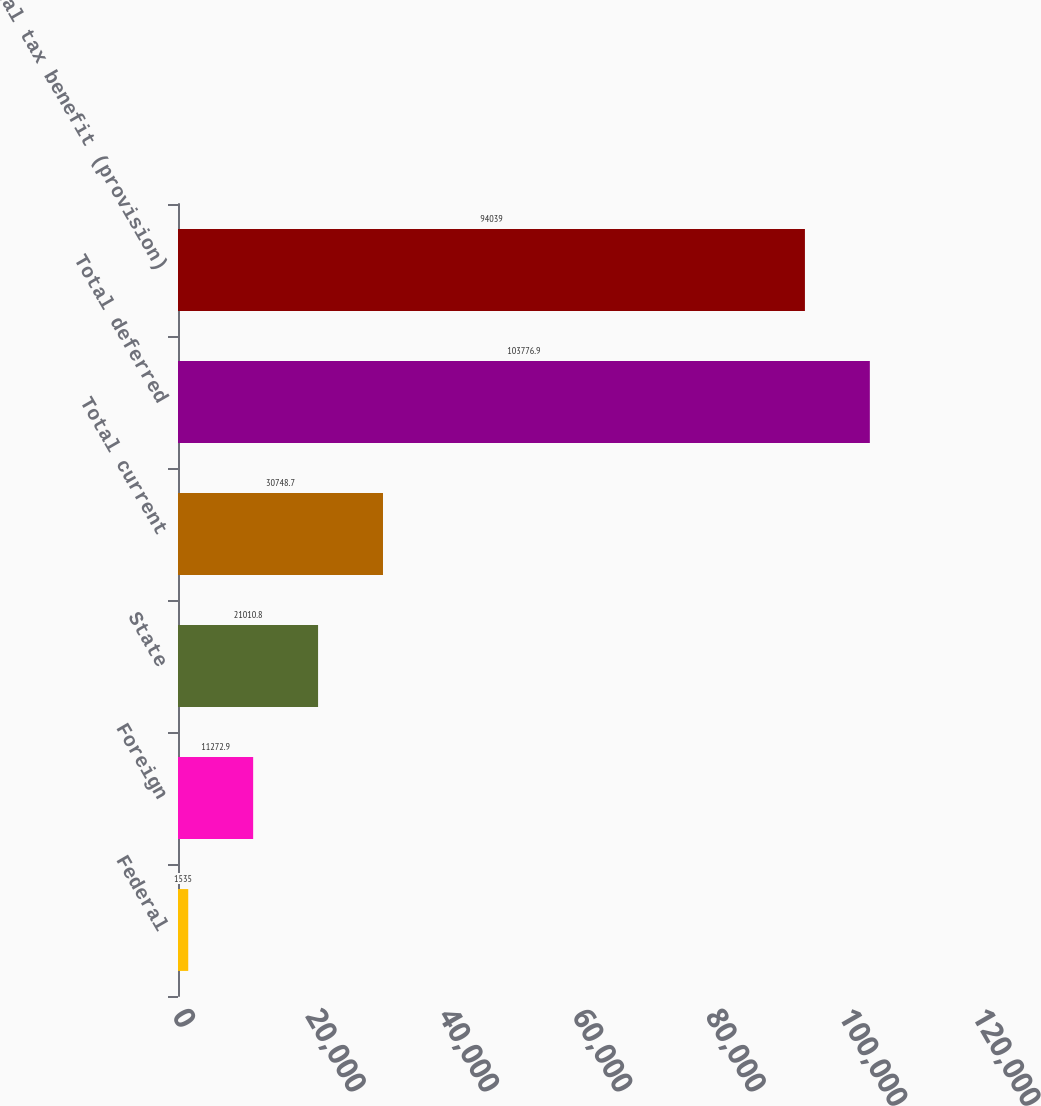Convert chart. <chart><loc_0><loc_0><loc_500><loc_500><bar_chart><fcel>Federal<fcel>Foreign<fcel>State<fcel>Total current<fcel>Total deferred<fcel>Total tax benefit (provision)<nl><fcel>1535<fcel>11272.9<fcel>21010.8<fcel>30748.7<fcel>103777<fcel>94039<nl></chart> 
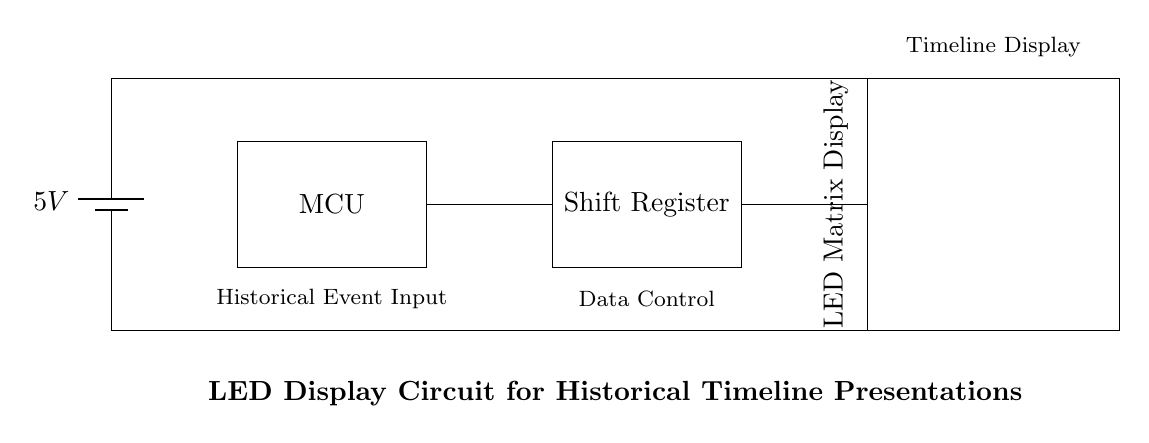What is the voltage of this circuit? The voltage is 5V, which is indicated on the battery symbol in the circuit diagram as the power supply for the circuit.
Answer: 5V What component is represented by the rectangle labeled "MCU"? The rectangle labeled "MCU" stands for Microcontroller, as mentioned in the diagram, indicating it is a key component that controls the circuit operations.
Answer: Microcontroller How many main components are there in the circuit? There are three main components: a microcontroller, a shift register, and an LED matrix display, which are sequentially arranged in the circuit.
Answer: Three What is the function of the shift register in this circuit? The shift register is used for data control, which means it manages the input data flow to convert it into a format suitable for LED display utilization.
Answer: Data Control What does the LED matrix display signify in this circuit? The LED matrix display is used to visually display the historical timeline information inputted into the system, translating digital signals into visual output.
Answer: Timeline Display What are the key connections made in the circuit? The key connections are between the microcontroller and the shift register, and between the shift register and the LED matrix display, which facilitate data flow between these components.
Answer: Connections between components What is the role of the power supply in this circuit? The power supply provides the necessary voltage (5V) required for all the components to function properly, ensuring they receive adequate energy for operation.
Answer: Power Supply
━━━━━━━━━━━━━━━━━━━━━━━━━━━━━━
Exercise
Throughout the data above, copy all lines where the word "into" is found.

Answer for the task
Answer: Three What is the function of the shift register in this circuit? The shift register is used for data control, which means it manages the input data flow to convert it into a format suitable for LED display utilization.
Answer: Data Control What does the LED matrix display signify in this circuit? The LED matrix display is used to visually display the historical timeline information inputted into the system, translating digital signals into visual output.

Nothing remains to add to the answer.